AIM OF THE TASK: Determine the number of lines in the data below that contain the string "track", and respond with that number alone.
══ RECORD EXTRACTS ══
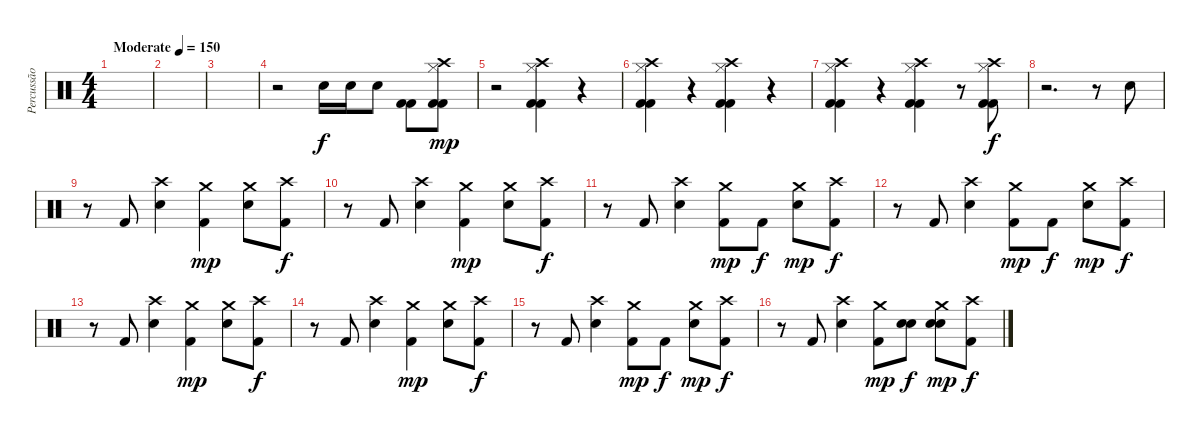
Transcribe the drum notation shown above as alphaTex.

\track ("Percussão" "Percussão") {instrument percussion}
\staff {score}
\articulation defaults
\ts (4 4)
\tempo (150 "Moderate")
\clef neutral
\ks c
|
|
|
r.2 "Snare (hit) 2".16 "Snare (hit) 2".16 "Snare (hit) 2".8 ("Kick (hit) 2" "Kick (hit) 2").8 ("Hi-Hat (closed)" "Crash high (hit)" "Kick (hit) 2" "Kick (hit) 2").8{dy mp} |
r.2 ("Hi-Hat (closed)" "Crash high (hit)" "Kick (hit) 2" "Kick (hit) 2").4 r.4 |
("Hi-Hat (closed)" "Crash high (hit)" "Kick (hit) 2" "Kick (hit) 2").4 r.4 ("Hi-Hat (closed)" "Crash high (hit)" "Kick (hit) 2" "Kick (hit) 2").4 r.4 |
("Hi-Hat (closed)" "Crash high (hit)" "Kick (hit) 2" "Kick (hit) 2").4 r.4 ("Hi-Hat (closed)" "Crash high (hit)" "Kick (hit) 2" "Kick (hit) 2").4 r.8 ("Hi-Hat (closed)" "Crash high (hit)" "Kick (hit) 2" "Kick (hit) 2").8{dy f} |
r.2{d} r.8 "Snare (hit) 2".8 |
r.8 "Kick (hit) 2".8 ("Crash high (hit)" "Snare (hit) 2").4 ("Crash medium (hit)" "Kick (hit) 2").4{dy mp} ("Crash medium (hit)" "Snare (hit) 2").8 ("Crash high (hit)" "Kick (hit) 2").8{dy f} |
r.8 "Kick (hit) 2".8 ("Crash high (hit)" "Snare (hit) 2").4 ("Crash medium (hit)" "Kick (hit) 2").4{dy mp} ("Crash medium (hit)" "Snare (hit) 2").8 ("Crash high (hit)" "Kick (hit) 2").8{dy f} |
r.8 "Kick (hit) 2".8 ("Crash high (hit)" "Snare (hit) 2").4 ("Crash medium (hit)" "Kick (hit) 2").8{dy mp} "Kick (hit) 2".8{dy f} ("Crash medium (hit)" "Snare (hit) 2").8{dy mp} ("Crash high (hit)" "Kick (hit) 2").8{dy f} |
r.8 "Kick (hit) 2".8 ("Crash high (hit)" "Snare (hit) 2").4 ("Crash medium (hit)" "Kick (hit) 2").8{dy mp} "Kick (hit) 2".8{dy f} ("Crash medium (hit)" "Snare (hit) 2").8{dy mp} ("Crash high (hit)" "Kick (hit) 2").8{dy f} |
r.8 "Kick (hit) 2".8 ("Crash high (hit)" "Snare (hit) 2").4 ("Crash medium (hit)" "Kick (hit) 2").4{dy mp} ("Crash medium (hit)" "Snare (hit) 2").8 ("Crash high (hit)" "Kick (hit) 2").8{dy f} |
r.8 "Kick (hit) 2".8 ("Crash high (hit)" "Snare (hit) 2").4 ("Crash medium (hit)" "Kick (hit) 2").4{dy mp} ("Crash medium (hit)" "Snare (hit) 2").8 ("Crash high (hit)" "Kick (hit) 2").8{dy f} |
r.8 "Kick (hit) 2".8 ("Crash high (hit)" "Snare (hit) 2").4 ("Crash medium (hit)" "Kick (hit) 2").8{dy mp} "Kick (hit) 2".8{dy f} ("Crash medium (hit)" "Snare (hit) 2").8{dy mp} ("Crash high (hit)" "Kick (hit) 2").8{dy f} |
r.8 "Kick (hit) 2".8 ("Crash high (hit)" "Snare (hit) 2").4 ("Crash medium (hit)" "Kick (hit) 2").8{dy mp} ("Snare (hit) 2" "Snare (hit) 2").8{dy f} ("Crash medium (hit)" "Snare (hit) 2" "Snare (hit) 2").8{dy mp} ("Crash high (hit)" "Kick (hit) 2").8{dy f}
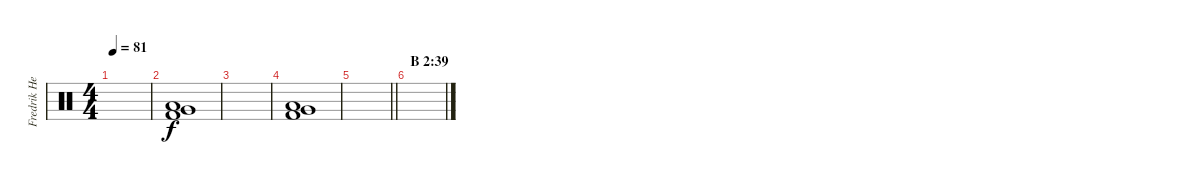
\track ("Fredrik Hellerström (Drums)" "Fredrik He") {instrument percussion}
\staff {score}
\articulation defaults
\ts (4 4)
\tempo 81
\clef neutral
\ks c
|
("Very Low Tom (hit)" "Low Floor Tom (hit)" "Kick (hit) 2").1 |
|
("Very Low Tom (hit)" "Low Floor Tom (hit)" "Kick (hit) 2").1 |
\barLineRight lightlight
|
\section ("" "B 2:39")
═══
RESULT BELOW: 2